Интересно, сколько времени это займет. Я глажу складки ее киски, внутреннюю поверхность бедер, а она брыкается, извивается и стонет, не желая прогибаться. Наконец, мое терпение иссякло. Я тверд как скала, жажду собственного оргазма и чувствую, как рвется нить моего контроля.
— Ладно, — огрызаюсь я. — Если ты будешь упрямиться и отказываться просить об удовольствии, значит, ты его не заслуживаешь. Но мой член требует внимания, и как твой будущий муж...
— Нет! — Катерина мотнула головой. — Я же сказала тебе, что не пущу тебя в свою постель, пока мы не поженимся. Ты обещал, что не будешь принуждать меня...
— И не буду. — Я обхожу вокруг, чтобы встать перед ней, где она лежит на диване, ее широкие темные глаза смотрят на меня со слезами и разочарованием. — Я никогда не стану принуждать женщину, Катерина. Но мне нужна разрядка. И поскольку ты не хочешь просить о собственном удовольствии, ты можешь лежать здесь, расстроенная, и смотреть, как я получаю свое.
Ее глаза становятся еще шире, чем прежде, и опускаются к толстому гребню моего члена в брюках. Она начинает отталкиваться от дивана, сердито хмурясь, и моя рука вырывается, обхватывая ее запястье.
— Вставай с дивана, Катерина, или попытайся еще раз, и это будет еще пятнадцать ударов плетью по твоей ярко-красной заднице, — сурово говорю я ей. — Твой урок еще не закончен. Ты можешь ласково попросить о своем удовольствии, и я тебе его доставлю, или ты можешь посмотреть, как я беру свое, и увидеть, чего ты лишаешься. Я дам тебе еще один шанс. Умоляй, и я буду теребить твой маленький клитор, пока ты не кончишь, а потом пойду гладить свой член в уединении собственной комнаты.
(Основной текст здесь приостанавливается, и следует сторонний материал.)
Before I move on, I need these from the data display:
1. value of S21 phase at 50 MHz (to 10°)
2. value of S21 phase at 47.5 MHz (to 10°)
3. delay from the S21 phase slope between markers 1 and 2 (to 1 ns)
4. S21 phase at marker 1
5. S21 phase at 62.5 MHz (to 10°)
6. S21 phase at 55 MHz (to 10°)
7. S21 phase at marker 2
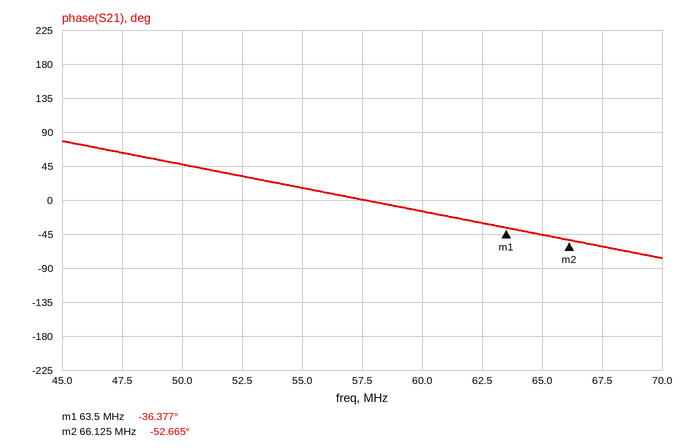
50°
60°
17 ns
-36.377°
-30°
20°
-52.665°

Ее губы сжимаются в тонкую, упрямую линию, и я усмехаюсь.
— Думаю, ты просто хочешь увидеть мой член, принцесса.
— Перестань называть меня так, — шипит она, но я вижу, как ее взгляд снова перебегает на мою молнию, когда я одной рукой лезу в карман, а другой начинаю расстегивать ее.
— Ты не только будешь наблюдать за мной, — говорю я ей шелковисто, — но и будешь смотреть, как я глажу себя твоими мокрыми трусиками, Катерина. Это тебя смутит, не так ли? Я вижу, как краснеет твое лицо. Но тебя это также заводит. Я это вижу. — Я полностью расстегиваю брюки, сдвигая их вниз по бедрам ровно настолько, чтобы удобно было высунуть член, и вижу, как расширяются ее глаза.
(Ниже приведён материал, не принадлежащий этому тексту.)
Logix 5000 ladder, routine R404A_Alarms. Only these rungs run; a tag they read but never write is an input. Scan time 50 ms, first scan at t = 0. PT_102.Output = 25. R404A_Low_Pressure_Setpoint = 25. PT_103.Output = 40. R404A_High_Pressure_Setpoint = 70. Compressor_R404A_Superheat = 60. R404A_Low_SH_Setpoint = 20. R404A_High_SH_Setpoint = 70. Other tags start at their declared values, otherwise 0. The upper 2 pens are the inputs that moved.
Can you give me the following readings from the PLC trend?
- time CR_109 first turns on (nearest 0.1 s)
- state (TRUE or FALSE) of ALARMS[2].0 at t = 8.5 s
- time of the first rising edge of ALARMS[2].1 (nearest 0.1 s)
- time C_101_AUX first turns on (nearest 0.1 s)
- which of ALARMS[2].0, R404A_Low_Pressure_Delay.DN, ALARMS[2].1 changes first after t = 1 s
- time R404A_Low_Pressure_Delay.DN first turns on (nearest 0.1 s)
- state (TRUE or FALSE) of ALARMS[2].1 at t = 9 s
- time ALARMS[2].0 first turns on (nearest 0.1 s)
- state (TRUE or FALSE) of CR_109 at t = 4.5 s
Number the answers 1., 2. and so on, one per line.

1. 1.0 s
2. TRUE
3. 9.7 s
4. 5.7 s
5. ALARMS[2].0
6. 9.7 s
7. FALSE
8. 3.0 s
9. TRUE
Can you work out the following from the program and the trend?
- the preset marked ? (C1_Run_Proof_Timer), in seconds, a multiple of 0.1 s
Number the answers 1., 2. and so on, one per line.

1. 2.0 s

— О..., — вздохнула она, и я ухмыльнулся.
— Очень скоро он станет твоим, Катерина. Я не думал, что мне нужна невеста, но теперь... — Я поднимаю ее трусики к своему носу, снова вдыхая ее сладкий аромат, пока мой член дергается, а на кончике выступает сперма. — Думаю, я могу передумать.
"Думаю" – это мягко сказано. Я хочу ее так сильно, что мне чертовски больно. Дразнить ее таким образом - такая же пытка для меня, как и для нее, хотя я никогда не дам ей об этом знать. И я еще не забыл, что чувствовал в театре, тот глубокий, защитный порыв, который испугал меня. Я не хочу причинить ей боль. Сегодняшнее наказание было необходимо, чтобы обезопасить ее, чтобы она увидела, как неповиновение мне, споры со мной в такой момент могли стоить ей жизни или еще хуже. Но я начинаю чувствовать, что очень хочу Катерину Росси не просто трахнуть, а чтобы она стала полностью моей.
Даже ее непокорность привлекает. Всю свою жизнь я провел с женщинами, которые фанатели от меня, и ее отказ делать то же самое, умолять, заводит меня еще больше. Но я не хочу ее ломать.
Я хочу, чтобы она прогнулась по собственной воле.